An AP all-formats team was ahead of war crimes investigators, documenting evidence of routine torture by Russian occupiers in Izium, Ukraine.
The signs of torture were everywhere. But AP’s team had no idea exactly what they would find when a relative of video journalist Vasilisa Stepanenko recommended a visit to a monastery in recently liberated Izium, Ukraine.
There, Stepanenko and colleagues — Paris-based investigative correspondent Lori Hinnant and Ukraine photographer Evgeniy Maloletka — found a former Ukrainian soldier in hiding after being tortured three times by occupying Russian forces. His disturbing tale supplied the narrative for an exclusive investigation that uncovered 10 torture sites — including one in a kindergarten.

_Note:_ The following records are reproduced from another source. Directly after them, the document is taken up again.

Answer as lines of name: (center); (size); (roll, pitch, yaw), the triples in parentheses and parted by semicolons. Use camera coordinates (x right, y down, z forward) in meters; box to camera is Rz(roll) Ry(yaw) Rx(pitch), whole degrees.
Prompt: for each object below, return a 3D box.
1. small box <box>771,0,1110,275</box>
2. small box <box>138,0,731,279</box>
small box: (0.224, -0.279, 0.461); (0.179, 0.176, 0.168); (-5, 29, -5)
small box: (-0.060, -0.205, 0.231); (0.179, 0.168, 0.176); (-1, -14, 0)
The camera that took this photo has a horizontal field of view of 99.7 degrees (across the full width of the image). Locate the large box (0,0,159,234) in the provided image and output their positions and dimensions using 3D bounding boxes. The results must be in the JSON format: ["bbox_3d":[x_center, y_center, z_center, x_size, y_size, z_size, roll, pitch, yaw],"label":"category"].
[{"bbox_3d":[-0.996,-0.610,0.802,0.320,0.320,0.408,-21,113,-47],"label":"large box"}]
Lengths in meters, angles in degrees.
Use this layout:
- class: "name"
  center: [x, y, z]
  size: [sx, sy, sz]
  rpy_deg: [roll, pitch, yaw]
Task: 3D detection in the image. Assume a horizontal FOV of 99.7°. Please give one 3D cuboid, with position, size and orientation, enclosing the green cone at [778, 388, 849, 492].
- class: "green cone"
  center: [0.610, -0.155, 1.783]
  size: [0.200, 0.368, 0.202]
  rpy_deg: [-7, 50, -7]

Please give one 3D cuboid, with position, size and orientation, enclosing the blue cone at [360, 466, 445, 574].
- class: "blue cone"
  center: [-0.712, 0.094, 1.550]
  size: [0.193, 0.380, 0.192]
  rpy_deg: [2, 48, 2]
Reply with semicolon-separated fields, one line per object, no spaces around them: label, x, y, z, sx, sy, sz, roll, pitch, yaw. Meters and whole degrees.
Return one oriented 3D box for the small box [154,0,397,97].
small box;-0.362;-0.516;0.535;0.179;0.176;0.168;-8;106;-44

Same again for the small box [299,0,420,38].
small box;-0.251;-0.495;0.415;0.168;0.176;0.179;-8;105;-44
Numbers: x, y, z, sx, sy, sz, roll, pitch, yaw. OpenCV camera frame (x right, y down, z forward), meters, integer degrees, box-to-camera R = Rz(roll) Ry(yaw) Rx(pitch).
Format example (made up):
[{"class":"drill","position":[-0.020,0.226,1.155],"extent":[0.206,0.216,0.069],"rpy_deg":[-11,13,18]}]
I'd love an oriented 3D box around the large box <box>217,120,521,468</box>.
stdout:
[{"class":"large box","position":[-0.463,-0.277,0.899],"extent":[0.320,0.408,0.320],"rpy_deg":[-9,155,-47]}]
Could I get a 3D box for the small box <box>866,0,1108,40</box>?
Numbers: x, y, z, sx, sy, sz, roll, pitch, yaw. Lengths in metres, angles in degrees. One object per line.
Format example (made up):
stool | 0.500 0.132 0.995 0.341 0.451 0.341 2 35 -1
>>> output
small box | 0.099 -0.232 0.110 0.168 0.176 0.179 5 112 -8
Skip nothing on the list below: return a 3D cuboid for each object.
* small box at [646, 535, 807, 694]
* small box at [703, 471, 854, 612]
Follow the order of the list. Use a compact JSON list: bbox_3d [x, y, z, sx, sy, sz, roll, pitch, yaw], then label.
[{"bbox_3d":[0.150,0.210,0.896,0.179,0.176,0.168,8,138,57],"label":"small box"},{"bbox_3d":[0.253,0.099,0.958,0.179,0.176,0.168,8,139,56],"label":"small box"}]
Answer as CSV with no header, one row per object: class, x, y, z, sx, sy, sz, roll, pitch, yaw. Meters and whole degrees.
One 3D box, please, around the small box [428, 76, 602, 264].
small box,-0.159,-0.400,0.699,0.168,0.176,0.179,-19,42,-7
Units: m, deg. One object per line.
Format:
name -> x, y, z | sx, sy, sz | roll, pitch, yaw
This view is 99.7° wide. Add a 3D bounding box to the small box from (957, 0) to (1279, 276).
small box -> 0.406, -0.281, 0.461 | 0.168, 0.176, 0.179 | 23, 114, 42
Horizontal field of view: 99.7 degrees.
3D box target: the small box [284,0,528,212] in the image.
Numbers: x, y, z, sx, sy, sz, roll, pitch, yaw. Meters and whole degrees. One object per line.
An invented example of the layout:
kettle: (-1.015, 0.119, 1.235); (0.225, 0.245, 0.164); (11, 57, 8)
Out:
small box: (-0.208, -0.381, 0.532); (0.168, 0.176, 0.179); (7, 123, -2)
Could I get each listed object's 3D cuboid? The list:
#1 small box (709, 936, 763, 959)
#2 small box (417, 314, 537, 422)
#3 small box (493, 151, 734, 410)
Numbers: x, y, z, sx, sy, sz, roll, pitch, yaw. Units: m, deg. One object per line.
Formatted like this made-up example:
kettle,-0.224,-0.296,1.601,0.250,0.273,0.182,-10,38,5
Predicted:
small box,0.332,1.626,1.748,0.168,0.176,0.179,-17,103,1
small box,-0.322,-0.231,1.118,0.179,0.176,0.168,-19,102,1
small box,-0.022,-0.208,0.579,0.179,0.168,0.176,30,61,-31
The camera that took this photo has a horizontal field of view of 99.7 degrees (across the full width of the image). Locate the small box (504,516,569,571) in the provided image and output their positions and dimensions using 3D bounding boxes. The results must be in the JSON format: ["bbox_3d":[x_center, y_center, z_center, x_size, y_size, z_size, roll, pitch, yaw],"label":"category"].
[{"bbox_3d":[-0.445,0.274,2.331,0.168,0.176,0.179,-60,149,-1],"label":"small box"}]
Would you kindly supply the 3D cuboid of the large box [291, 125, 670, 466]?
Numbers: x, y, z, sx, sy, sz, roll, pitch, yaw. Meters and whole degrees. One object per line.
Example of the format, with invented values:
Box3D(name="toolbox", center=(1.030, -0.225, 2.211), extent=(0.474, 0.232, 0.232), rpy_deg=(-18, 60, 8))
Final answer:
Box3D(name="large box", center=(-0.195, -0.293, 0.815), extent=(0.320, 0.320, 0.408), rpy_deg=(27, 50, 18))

The journalists spoke to 15 survivors of Russian torture in the Kharkiv region and two families whose loved ones had disappeared, and confirmed eight men — all but one civilians — were killed under torture in Russian custody. At a mass grave site in the Izium woods, at least 30 of more than 440 bodies bore visible evidence of torture and some of the exhumed had bound wrists.
The reporting revealed arbitrary, widespread, routine torture of civilians and soldiers alike in Izium, which served as a hub for Russian soldiers for nearly seven months. Ukraine recaptured the city in mid-September.
Along with locating the torture sites, the AP gained access to five, arriving before even war crimes investigators. One was viscerally described in the reporting as a deep sunless pit in a residential compound with dates carved in the brick wall; another as a clammy underground jail that reeked of urine and rotting food.
The all-formats package immediately resonated, used widely by AP members and customers. The video, edited by multiformat journalist Allen Breed, had 145,000 views on Twitter alone, while the striking presentation by photo editor Alyssa Goodman kept readers riveted. Readers called the coverage harrowing, and U.S. Sen. Rob Portman of Ohio called it horrifying.
But the biggest impact was likely on Andriy Kotsar.
Kotsar, the former soldier staying among monks he credits with saving him, was thought dead. The Russians had confiscated the 26-year-old’s identity documents and he was accordingly terrified to go anywhere, with no way to contact loved ones. The AP verified his identity, contacted Ukrainian officials to get him new identity papers and was there when he made his first phone call to tell friends and family he was indeed “alive and in one piece.” For the first time in days, he had a real smile on his face.
For a gritty, deeply reported all-formats investigation that made an impact, exposing evidence of Russian war crimes and the human consequences, Hinnant, Stepanenko and Maloletka earn AP’s Best of the Week — First Winner honors.